Réformes ou centralisation ? Les transformations de la GLNF sous Jean-Pierre Rollet et approuvées par Yves Pennes.
Depuis son arrivée à la tête de la Grande Loge Nationale Française (GLNF) en 2019, Jean-Pierre Rollet, Grand Maître de l’Obédience, a introduit une série de réformes et de décisions marquantes. Si, prises individuellement, ces mesures semblent parfois anodines ou purement pratiques, un examen plus approfondi révèle un modèle d’action centralisé, concentrant les décisions autour d’un leadership fort. Ce modèle, que Jean-Pierre Rollet semble vouloir transmettre à son successeur désigné, Yves Pennes, mérite analyse et réflexion critique.
Lors du traditionnel séminaire des Grands Maîtres Provinciaux organisé durant le week-end de l’ascension cette année à Aix en Provence, sa ville natale, Jean-Pierre Rollet a publiquement présenté Yves Pennes comme son successeur durant l’agape. Les jeux seraient-ils faits d’avance ou est-ce un moyen d’influencer les votes ? La rédaction de 450.fm a décidé d’en savoir plus.
Les réformes entreprises par l’actuel Grand Maître et validée par son successeur « désigné », méritent donc un passage en revue :
1. Unification et appauvrissement des rituels d’installation
Sous le mandat de Jean-Pierre Rollet, les six rites de l’Obédience ont vu leurs rituels d’installation harmonisés pour ne pas dire stérilisés. Une véritable standardisation à marche forcée de la cérémonie secrète de Maître Installé (exemple : réduction considérable de la cérémonie secrète de Maître Installé sans tous les signes, mots de passe et attouchements…).

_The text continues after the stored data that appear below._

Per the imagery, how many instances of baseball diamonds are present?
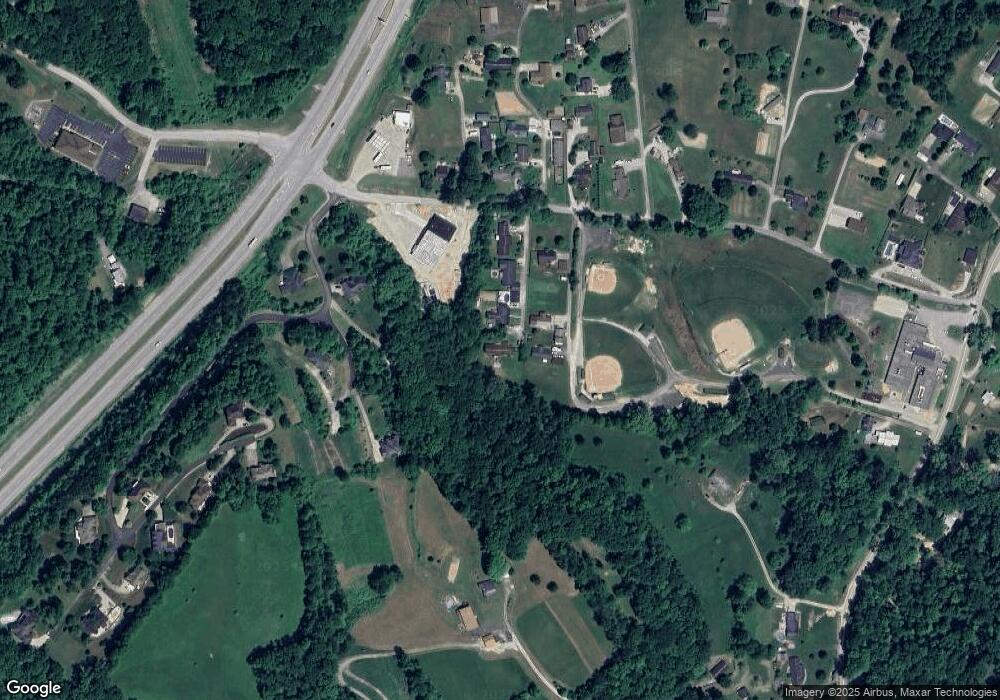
3
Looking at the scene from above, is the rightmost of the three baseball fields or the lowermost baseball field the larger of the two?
the rightmost of the three baseball fields
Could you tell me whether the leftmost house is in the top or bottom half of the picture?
bottom
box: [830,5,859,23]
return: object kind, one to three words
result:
house
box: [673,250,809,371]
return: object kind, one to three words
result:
baseball field
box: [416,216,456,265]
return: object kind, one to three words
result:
building
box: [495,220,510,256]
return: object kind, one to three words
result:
house
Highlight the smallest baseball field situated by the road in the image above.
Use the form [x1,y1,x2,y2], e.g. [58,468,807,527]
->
[583,258,644,317]
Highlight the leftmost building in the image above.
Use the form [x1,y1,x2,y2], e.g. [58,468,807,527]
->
[9,610,37,638]
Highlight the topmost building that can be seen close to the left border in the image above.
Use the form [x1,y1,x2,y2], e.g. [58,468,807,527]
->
[47,125,105,166]
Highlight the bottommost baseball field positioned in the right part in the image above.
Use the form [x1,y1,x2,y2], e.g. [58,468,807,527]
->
[579,323,660,399]

Bien que cette décision puisse sembler purement administrative, elle reflète un désir d’uniformité et de contrôle accru. En appauvrissant les pratiques, cette mesure retire également une certaine autonomie aux rites, qui disposaient historiquement de leur propre liberté rituelle. Cette tendance à l’uniformisation va au-delà de l’efficacité et pourrait être perçue comme une standardisation excessive, menaçant la diversité des traditions auxquelles les membres sont profondément attachés. Une orientation qu’Yves Pennes a soutenue.
Jean-Pierre Rollet avait pourtant déclaré dans sa profession de foi en 2021 : « …réinstaurer la rigueur là où elle peut faire défaut : dans les pratiques rituelles, dans le respect de la Règle, des us et coutumes maçonniques, dans l’apprentissage de la démarche maçonnique… ». Il semblerait au contraire que la pratique se soit appauvrie ! La pratique de la cérémonie dite “étendue” (extended) est désormais refusée à la quasi-totalité des Loges qui désirent la pratiquer. Il en résulte une cérémonie sans odeur, sans saveur et sans repère symbolique ni spirituel (suppression des psaumes, de l’explication historique). Au point qu’un Vénérable Maître à la GLNF installé en septembre est incapable de répondre au tuilage nécessaire pour participer une semaine après, à une installation dans le monde anglo-saxon. Un comble !!!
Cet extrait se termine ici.